童剛他對蘇青,欣賞和厭惡相互矛盾的從來都是同一點。
蘇青上班,沒有遲到一說,幾點來了隨便誰又能管一句。
手上好像劃傷了,拎着手提包的那隻皙白的纖手纏着幾圈紗布,包紮的並不臃腫。她眉目微冷的進了公司大廈。
張躍和童曉一起下樓,迎面撞見。
童曉下意識先看向身旁的張悅,張躍的視線果不其然放在了蘇青的身上,童曉把事情對張躍講過了,這會兒也問:“有靠山就是不一樣,蘇青,你幾點了纔來公司。我爸給你的特權,對嗎。”
張躍望着蘇青,單手插在褲袋裡皺起了眉,他的眼神彷彿在說,不是說了不會愛上別人,不是說了,還能重新來過。
蘇青突然覺得很快樂:“童曉,如果我稀罕,我會成爲你的後媽。真到了你管我叫媽的那天,你得提醒自己,這一切都是你自己造成的。你做過什麼,我不道明,我更不會卑鄙的以眼還眼,以牙還牙。”
童曉冷笑地揚起眉角:“你是要跟我鬥?”
“確定你不會拉低我的智商?”蘇青手上攢着創州的股份,整個人都有了底氣,這是童剛短時間內都搶不回的東西。
她又瞟了一眼張躍,“你這個男人靠不住,我早知道了,怎麼可能還會再傻傻的信任你一回。”
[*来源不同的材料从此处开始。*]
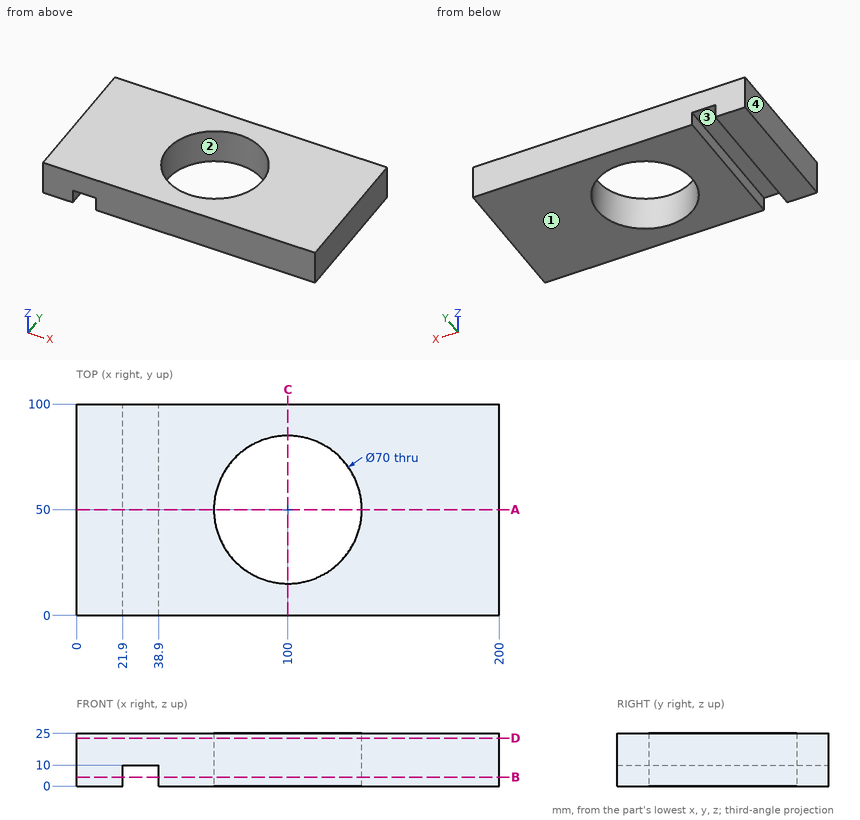
Design review of the part shown in the three views and the two pictorial views. Dimensions are in mm from the part's minimum x, y and z. Round coordinates to 2 decimals unless told otherwise and drop trailing zeros. Write each loop counter-clockwise with the first axis right and the second up, starting at its lowest first coordinate (ties: lowest second). Pieces come first, ordered by that corner, then holes. Notation, with made-up numbers: M -31,6 L -2,6 A28 ccw -2,44 Z; hole C 15,-2.5 d2. An arc over 180 degrees is marked long. One line per item, written item: value. Start each with the question number.
1. To check wall thickness, follow probe 1 along Y at (x, z) = (100, 5.75); probe 2 along X at (y, z) = (44, 19); probe 3 along Y at (x, z) = (78, 7). State the ranges of each line that lie inside material, in increasing order. Write a range as from..to.
2. Draft analysis for pull direction X (two halves, no side actions). For the marked faces 1, 2, 3 and 4, state which applies: pulls with the +X half, pulls with the -X half, needs draft (parallel to the pull), parting line crosses it, or undercut.
3. Clearance check with a flat-ended pin moving along its axis: P1, Ø5, axis at y = 41, z = 4, coming from the -X side. State where the tip first meets the part, or that it passes through.
4. Take a section at C-C on x = 100. State the section outline as (y, z) points.
5. Take a section at D-D on z = 22.75. State the section outline as (x, y) points, then the cut area to 3 significant figures.
6. Take a section at B-B on z = 4.25. State the section outline as (x, y) points, then the cut area to 3 significant figures.
7. Take a section at A-A on y = 50. State the section outline as (x, z) points, then the cut area to 3 significant figures.
Computed:
1. probe 1: y = 0..15, 85..100
1. probe 2: x = 0..65.52, 134.48..200
1. probe 3: y = 0..22.78, 77.22..100
2. face 1: needs draft
2. face 2: undercut
2. face 3: undercut
2. face 4: pulls with the -X half
3. P1: stops at x = 0
4. outline: M 0,0 L 15,0 L 15,25 L 0,25 Z; M 85,0 L 100,0 L 100,25 L 85,25 Z
5. outline: M 0,0 L 200,0 L 200,100 L 0,100 Z; hole C 100,50 d70
5. area: 16,200 mm²
6. outline: M 0,0 L 21.9,0 L 21.9,100 L 0,100 Z; M 38.9,0 L 200,0 L 200,100 L 38.9,100 Z; hole C 100,50 d70
6. area: 14,500 mm²
7. outline: M 0,0 L 21.9,0 L 21.9,10 L 38.9,10 L 38.9,0 L 65,0 L 65,25 L 0,25 Z; M 135,0 L 200,0 L 200,25 L 135,25 Z
7. area: 3,080 mm²

童曉恨極了張躍盯着蘇青時的不甘目光,壓低聲音:“你走不走?”
張躍沒有動靜,仍是對視眼前不遠處的蘇青。
“你到底走不走?!”童曉回頭,臉色通紅地朝張躍問。
蘇青淡淡地最後瞥了一眼兩人,走向電梯。
……
創州大廈外張躍的車裡,童曉坐在副駕駛上,問他:“張躍,你會跟我結婚嗎?我們究竟要拖到什麼時候?”
“等你得到創州那天。”他低頭,點了根菸。
童曉沉默,半晌倔強地眼含淚光開口:“我和蘇青鬥起來,你別心疼,是你喜歡的你也得不到了。創州我一定會得到,不惜一切,爲了我死了的媽我也必須從童家取走點什麼!”
張躍抽了根菸,蹙眉把手臂搭向窗外:“你這樣事業型的女人,不是應該討厭我這樣的男人?可你沒有,你怎麼想的?”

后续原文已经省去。